PROBLEM DESCRIPTION. Copy the listing that follows exactly. Its pictures do not belong in the copy.

DATA EXCERPTS.
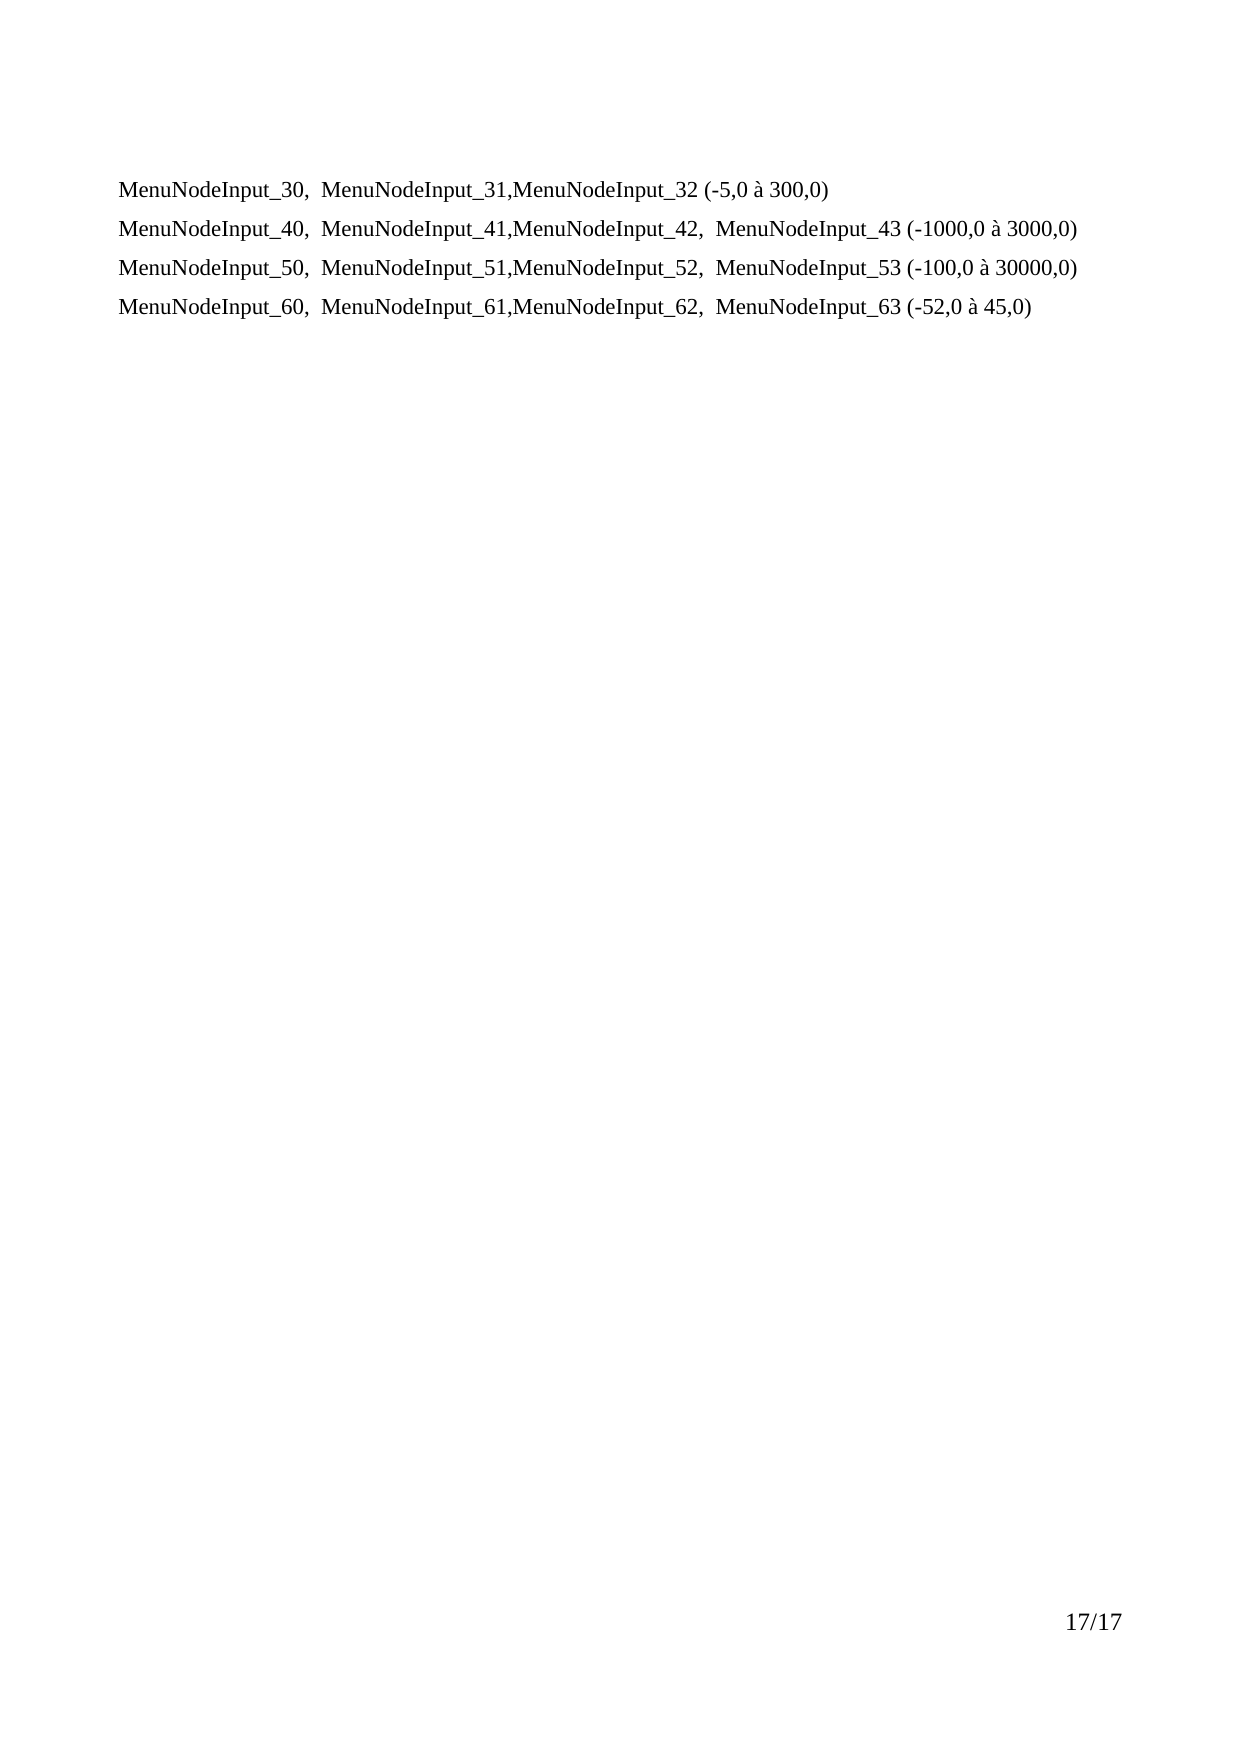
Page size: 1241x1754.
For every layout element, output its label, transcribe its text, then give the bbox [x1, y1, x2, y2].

text MenuNodeInput_40, MenuNodeInput_41,MenuNodeInput_42, MenuNodeInput_43 (-1000,0 à 3000,0) [118, 215, 1122, 242]
text MenuNodeInput_60, MenuNodeInput_61,MenuNodeInput_62, MenuNodeInput_63 (-52,0 à 45,0) [118, 293, 1122, 319]
text MenuNodeInput_30, MenuNodeInput_31,MenuNodeInput_32 (-5,0 à 300,0) [118, 176, 1122, 203]
text MenuNodeInput_50, MenuNodeInput_51,MenuNodeInput_52, MenuNodeInput_53 (-100,0 à 30000,0) [118, 254, 1122, 280]
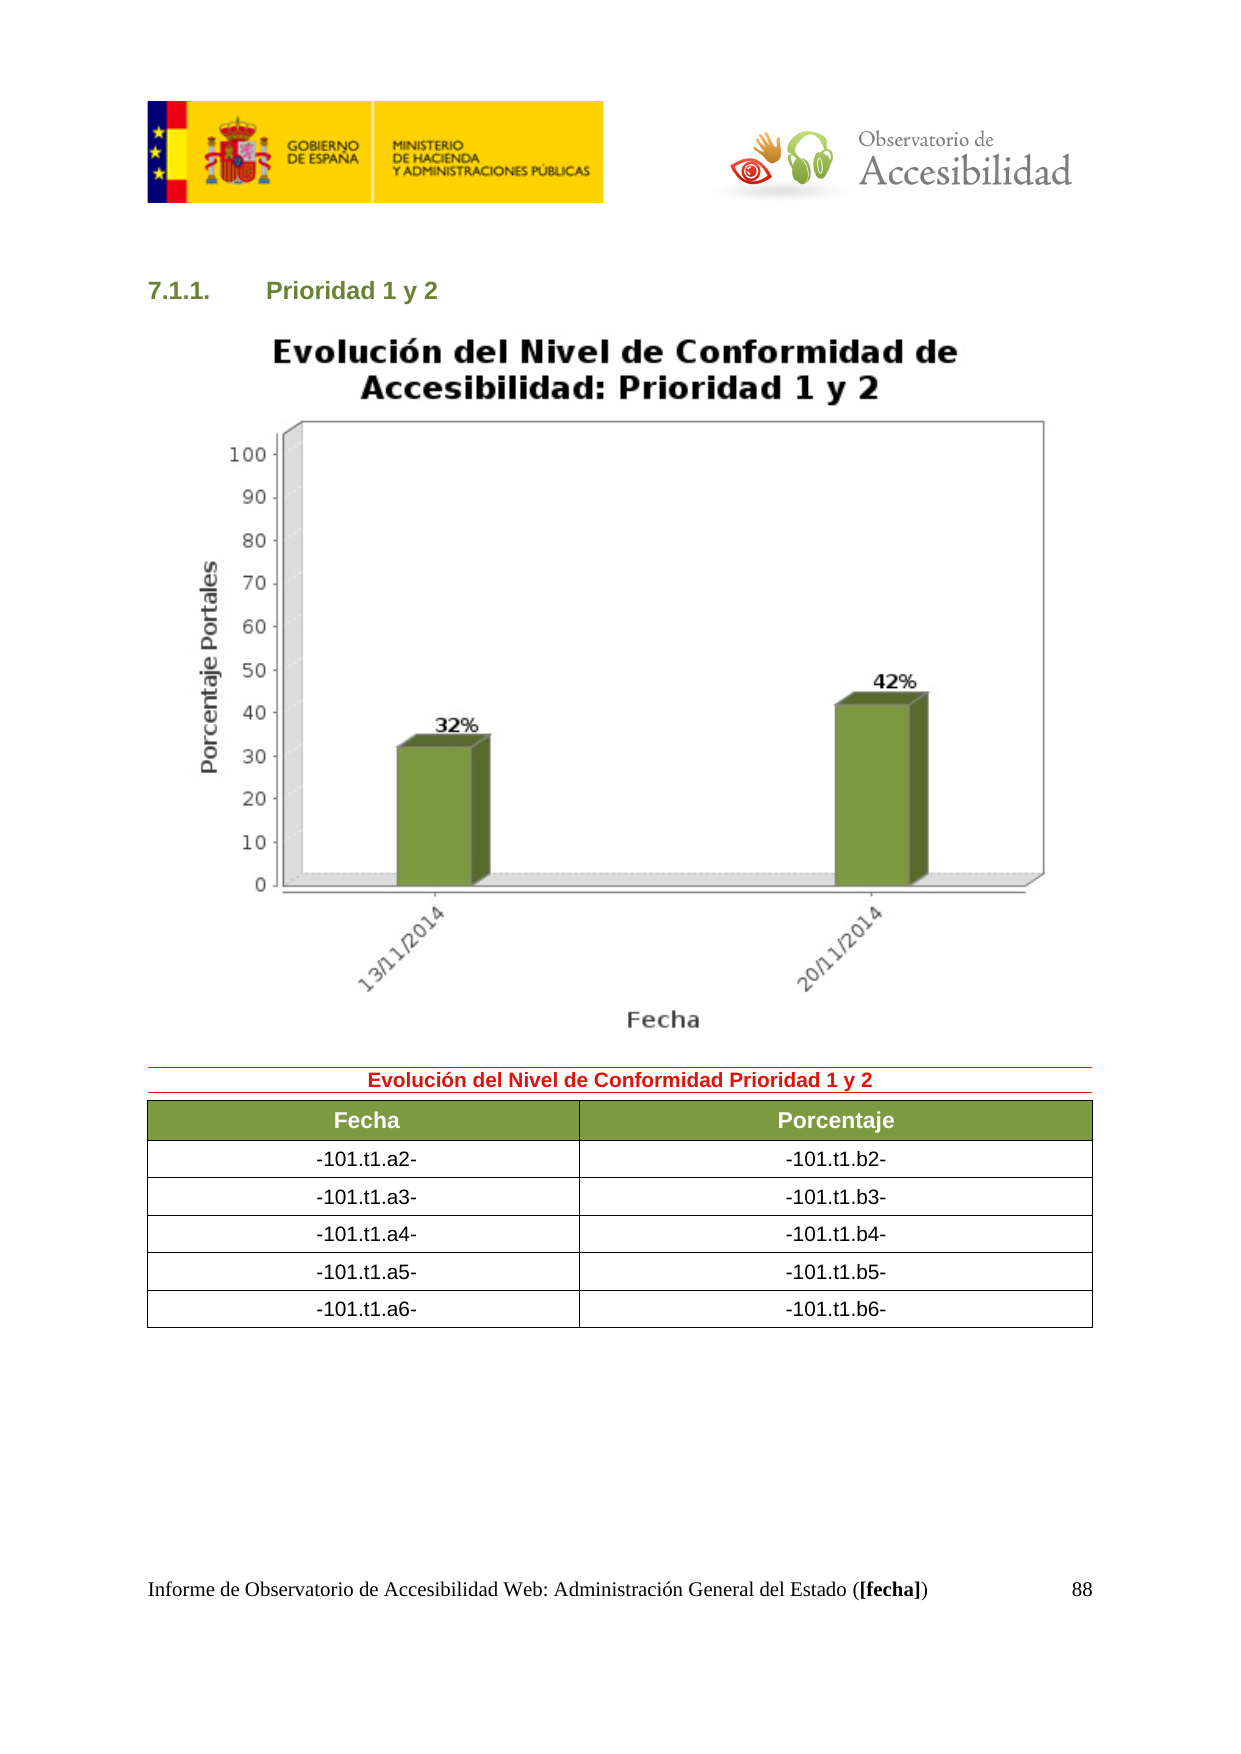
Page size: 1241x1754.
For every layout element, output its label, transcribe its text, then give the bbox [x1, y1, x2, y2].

text Evolución del Nivel de Conformidad Prioridad 1 y 2 [148, 1068, 1092, 1092]
picture [147, 101, 604, 203]
table_cell -101.t1.a6- [148, 1291, 579, 1327]
list Prioridad 1 y 2 [148, 276, 1092, 304]
table_cell -101.t1.b4- [580, 1216, 1092, 1252]
table_header Porcentaje [580, 1101, 1092, 1140]
table_cell -101.t1.b5- [580, 1253, 1092, 1290]
table_cell -101.t1.b6- [580, 1291, 1092, 1327]
picture [710, 122, 1086, 205]
table_cell -101.t1.a3- [148, 1178, 579, 1215]
table_cell -101.t1.a4- [148, 1216, 579, 1252]
table_header Fecha [148, 1101, 579, 1140]
table_cell -101.t1.a2- [148, 1141, 579, 1177]
table_cell -101.t1.a5- [148, 1253, 579, 1290]
table_cell -101.t1.b2- [580, 1141, 1092, 1177]
picture [178, 332, 1062, 1042]
table_cell -101.t1.b3- [580, 1178, 1092, 1215]
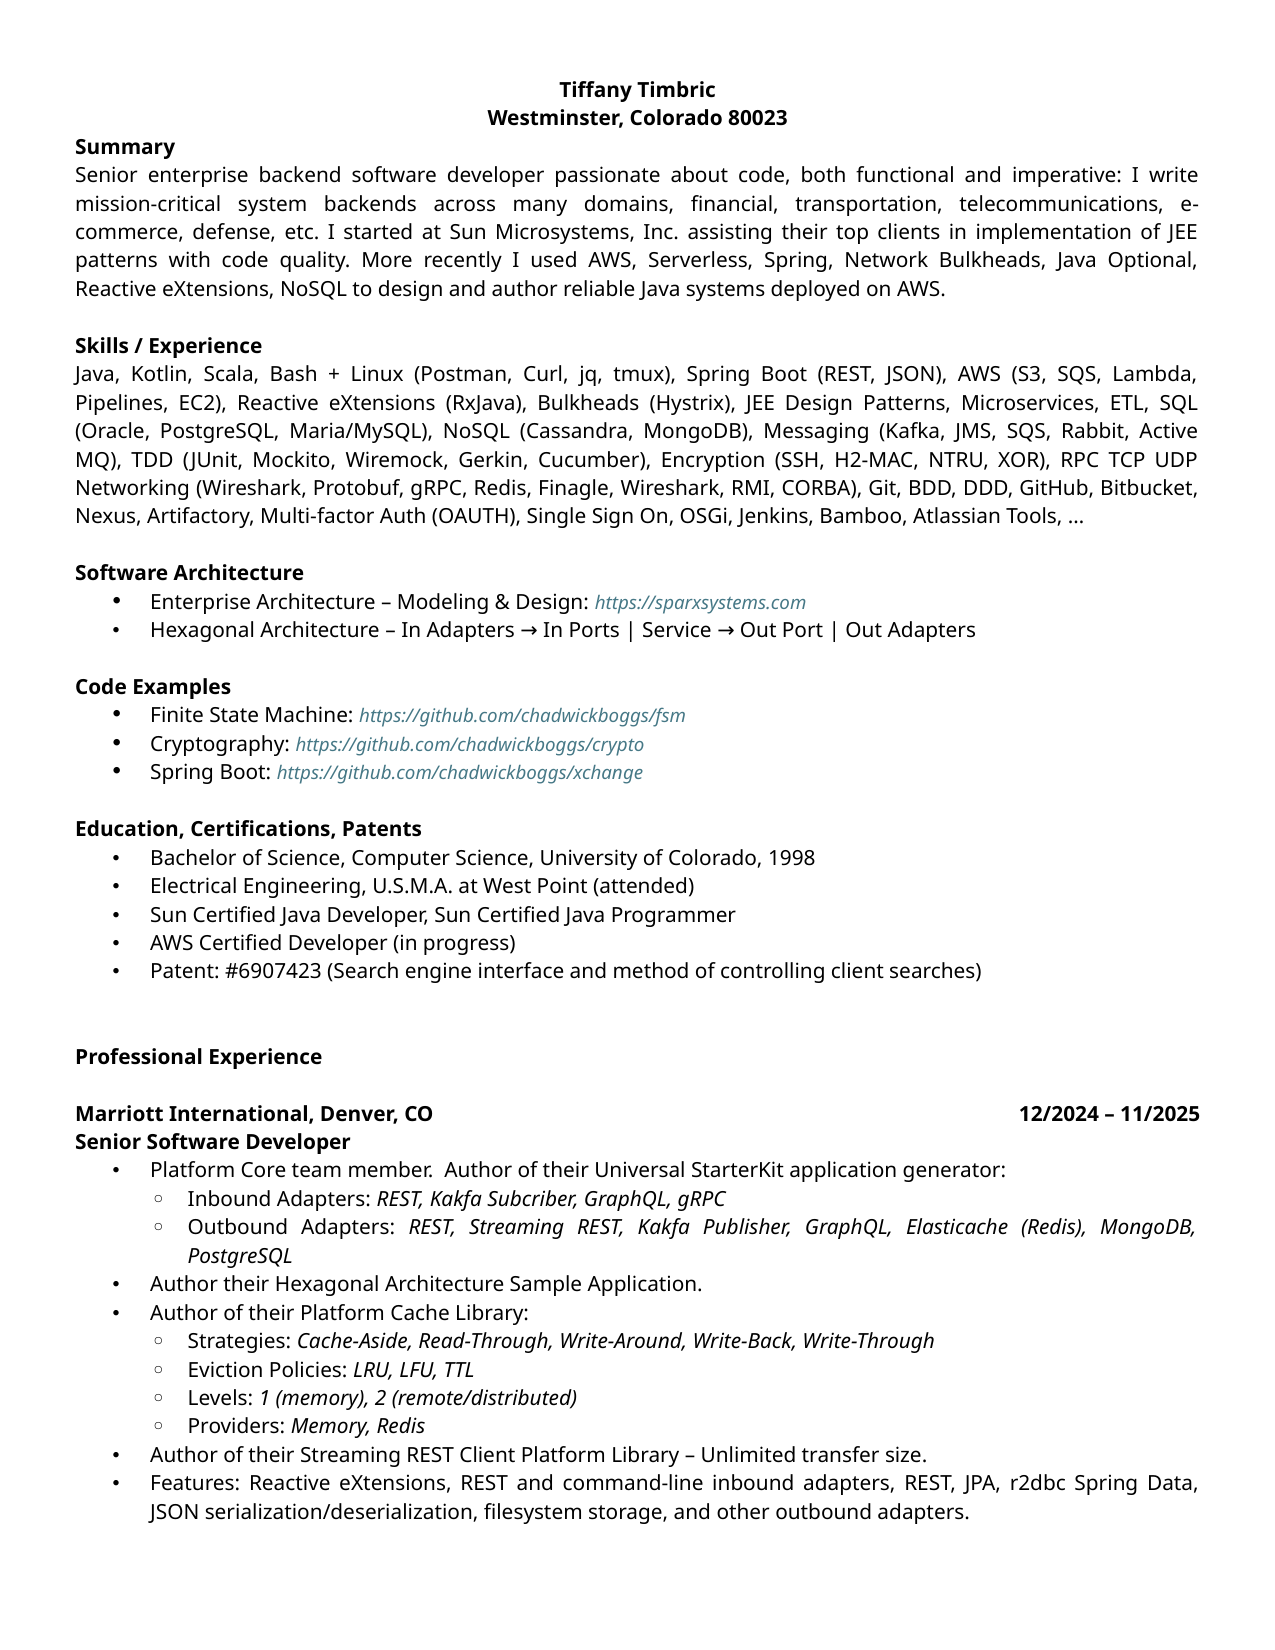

SOLVED EXERCISE.
Page size: 1241x1754.
For every layout element, output its label, transcribe its text, then give the bbox [x1, y1, x2, y2].

text MenuNodeInput_40, MenuNodeInput_41,MenuNodeInput_42, MenuNodeInput_43 (-1000,0 à 3000,0) [118, 215, 1122, 242]
text MenuNodeInput_60, MenuNodeInput_61,MenuNodeInput_62, MenuNodeInput_63 (-52,0 à 45,0) [118, 293, 1122, 319]
text MenuNodeInput_30, MenuNodeInput_31,MenuNodeInput_32 (-5,0 à 300,0) [118, 176, 1122, 203]
text MenuNodeInput_50, MenuNodeInput_51,MenuNodeInput_52, MenuNodeInput_53 (-100,0 à 30000,0) [118, 254, 1122, 280]
Page size: 1241x1754.
For every layout element, output its label, transcribe its text, then give the bbox [x1, y1, x2, y2].

text Evolución del Nivel de Conformidad Prioridad 1 y 2 [148, 1068, 1092, 1092]
picture [147, 101, 604, 203]
table_cell -101.t1.a6- [148, 1291, 579, 1327]
list Prioridad 1 y 2 [148, 276, 1092, 304]
table_cell -101.t1.b4- [580, 1216, 1092, 1252]
table_header Porcentaje [580, 1101, 1092, 1140]
table_cell -101.t1.b5- [580, 1253, 1092, 1290]
table_cell -101.t1.b6- [580, 1291, 1092, 1327]
picture [710, 122, 1086, 205]
table_cell -101.t1.a3- [148, 1178, 579, 1215]
table_cell -101.t1.a4- [148, 1216, 579, 1252]
table_header Fecha [148, 1101, 579, 1140]
table_cell -101.t1.a2- [148, 1141, 579, 1177]
table_cell -101.t1.a5- [148, 1253, 579, 1290]
table_cell -101.t1.b2- [580, 1141, 1092, 1177]
picture [178, 332, 1062, 1042]
table_cell -101.t1.b3- [580, 1178, 1092, 1215]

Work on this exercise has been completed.